§ **Activity**
Reproduce, without any change, the span of lines from the opening of the records below to the line containing "Answer: 59% Which", inclusive.

Excerpts from a dataset
_ _ _ _ _

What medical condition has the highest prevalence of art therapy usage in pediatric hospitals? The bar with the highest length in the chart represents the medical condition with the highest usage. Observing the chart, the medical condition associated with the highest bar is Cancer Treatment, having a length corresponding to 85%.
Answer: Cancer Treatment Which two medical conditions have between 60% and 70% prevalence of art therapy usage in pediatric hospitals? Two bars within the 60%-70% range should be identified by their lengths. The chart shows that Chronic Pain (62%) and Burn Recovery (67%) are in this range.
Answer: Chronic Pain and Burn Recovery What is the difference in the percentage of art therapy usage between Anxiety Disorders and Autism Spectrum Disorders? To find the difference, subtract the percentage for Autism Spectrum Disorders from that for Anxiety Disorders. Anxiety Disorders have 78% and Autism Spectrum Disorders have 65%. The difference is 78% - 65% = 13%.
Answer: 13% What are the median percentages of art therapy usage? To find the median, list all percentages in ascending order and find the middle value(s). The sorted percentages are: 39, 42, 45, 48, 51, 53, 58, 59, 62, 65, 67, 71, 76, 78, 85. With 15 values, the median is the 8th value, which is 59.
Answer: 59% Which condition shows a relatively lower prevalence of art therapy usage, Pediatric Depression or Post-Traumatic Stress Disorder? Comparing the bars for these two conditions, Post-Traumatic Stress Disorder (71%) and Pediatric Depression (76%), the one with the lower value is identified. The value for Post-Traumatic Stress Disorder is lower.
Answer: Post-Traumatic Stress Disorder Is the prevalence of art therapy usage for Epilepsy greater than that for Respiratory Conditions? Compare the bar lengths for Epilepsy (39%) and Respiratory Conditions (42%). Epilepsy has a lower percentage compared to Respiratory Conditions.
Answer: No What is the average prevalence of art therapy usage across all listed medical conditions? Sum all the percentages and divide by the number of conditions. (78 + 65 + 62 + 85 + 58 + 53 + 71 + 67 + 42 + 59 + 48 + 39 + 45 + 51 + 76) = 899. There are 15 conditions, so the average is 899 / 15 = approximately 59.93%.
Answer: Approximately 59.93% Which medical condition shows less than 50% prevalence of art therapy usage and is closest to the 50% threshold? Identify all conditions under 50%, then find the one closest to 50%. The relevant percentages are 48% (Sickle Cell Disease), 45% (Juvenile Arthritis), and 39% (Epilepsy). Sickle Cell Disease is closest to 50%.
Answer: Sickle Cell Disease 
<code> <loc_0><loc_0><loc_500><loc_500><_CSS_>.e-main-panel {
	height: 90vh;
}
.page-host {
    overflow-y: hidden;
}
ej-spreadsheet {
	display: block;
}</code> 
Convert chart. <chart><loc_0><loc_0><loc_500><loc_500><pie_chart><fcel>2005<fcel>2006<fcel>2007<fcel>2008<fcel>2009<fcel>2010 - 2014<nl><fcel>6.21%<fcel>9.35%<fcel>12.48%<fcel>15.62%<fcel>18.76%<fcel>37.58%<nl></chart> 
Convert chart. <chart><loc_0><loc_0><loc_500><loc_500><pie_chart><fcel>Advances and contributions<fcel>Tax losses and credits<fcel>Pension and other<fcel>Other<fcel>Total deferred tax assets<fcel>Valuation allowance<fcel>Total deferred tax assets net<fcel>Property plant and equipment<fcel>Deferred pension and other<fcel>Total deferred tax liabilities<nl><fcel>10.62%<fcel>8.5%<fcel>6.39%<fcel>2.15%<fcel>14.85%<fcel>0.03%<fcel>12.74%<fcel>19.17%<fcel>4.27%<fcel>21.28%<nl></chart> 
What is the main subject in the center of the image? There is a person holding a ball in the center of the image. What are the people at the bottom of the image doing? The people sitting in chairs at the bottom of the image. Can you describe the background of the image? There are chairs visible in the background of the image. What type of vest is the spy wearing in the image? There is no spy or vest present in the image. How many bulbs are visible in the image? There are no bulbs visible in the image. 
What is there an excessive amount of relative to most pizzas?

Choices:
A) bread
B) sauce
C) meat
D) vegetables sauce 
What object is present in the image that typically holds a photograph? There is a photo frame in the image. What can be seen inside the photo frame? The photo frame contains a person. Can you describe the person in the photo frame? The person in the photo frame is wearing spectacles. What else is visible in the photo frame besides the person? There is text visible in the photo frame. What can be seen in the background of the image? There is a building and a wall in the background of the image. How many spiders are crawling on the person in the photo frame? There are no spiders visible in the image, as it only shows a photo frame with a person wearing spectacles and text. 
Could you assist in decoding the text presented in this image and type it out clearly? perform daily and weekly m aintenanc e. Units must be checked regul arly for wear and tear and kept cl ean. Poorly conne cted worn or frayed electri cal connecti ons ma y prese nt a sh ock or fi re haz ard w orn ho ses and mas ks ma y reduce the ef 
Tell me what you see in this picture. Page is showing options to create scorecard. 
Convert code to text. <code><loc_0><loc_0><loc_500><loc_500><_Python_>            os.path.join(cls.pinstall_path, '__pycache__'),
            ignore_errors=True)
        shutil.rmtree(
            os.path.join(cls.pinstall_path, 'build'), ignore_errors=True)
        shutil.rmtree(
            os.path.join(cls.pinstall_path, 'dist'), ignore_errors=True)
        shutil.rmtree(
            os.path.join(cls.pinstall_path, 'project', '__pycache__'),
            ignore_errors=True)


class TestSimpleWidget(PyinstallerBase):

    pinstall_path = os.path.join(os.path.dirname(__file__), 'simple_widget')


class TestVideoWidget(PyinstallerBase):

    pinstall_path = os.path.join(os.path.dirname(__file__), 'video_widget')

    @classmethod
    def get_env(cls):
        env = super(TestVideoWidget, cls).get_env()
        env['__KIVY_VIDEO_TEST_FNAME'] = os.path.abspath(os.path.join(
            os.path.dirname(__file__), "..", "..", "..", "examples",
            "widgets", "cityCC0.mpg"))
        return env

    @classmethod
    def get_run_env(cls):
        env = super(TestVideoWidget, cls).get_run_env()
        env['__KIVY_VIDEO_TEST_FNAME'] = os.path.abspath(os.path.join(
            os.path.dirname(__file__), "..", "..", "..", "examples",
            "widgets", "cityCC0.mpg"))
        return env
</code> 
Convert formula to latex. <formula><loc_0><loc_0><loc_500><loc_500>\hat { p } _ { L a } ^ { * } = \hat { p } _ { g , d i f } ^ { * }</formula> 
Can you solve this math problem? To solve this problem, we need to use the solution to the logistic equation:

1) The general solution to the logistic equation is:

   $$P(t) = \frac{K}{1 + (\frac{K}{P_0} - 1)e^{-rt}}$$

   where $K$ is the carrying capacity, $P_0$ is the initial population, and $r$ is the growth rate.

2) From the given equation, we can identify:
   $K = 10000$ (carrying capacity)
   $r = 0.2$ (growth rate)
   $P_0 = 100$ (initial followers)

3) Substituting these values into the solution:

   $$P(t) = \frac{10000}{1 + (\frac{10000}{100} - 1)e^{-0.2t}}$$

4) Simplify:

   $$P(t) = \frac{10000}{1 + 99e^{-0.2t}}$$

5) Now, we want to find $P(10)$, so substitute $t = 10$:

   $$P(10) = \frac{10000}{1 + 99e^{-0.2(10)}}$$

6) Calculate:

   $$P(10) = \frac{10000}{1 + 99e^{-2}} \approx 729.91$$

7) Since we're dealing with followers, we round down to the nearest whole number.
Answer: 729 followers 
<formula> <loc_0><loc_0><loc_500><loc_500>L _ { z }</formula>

_ _ _ _ _

§ **Task answer**
What medical condition has the highest prevalence of art therapy usage in pediatric hospitals? The bar with the highest length in the chart represents the medical condition with the highest usage. Observing the chart, the medical condition associated with the highest bar is Cancer Treatment, having a length corresponding to 85%.
Answer: Cancer Treatment Which two medical conditions have between 60% and 70% prevalence of art therapy usage in pediatric hospitals? Two bars within the 60%-70% range should be identified by their lengths. The chart shows that Chronic Pain (62%) and Burn Recovery (67%) are in this range.
Answer: Chronic Pain and Burn Recovery What is the difference in the percentage of art therapy usage between Anxiety Disorders and Autism Spectrum Disorders? To find the difference, subtract the percentage for Autism Spectrum Disorders from that for Anxiety Disorders. Anxiety Disorders have 78% and Autism Spectrum Disorders have 65%. The difference is 78% - 65% = 13%.
Answer: 13% What are the median percentages of art therapy usage? To find the median, list all percentages in ascending order and find the middle value(s). The sorted percentages are: 39, 42, 45, 48, 51, 53, 58, 59, 62, 65, 67, 71, 76, 78, 85. With 15 values, the median is the 8th value, which is 59.
Answer: 59% Which condition shows a relatively lower prevalence of art therapy usage, Pediatric Depression or Post-Traumatic Stress Disorder? Comparing the bars for these two conditions, Post-Traumatic Stress Disorder (71%) and Pediatric Depression (76%), the one with the lower value is identified. The value for Post-Traumatic Stress Disorder is lower.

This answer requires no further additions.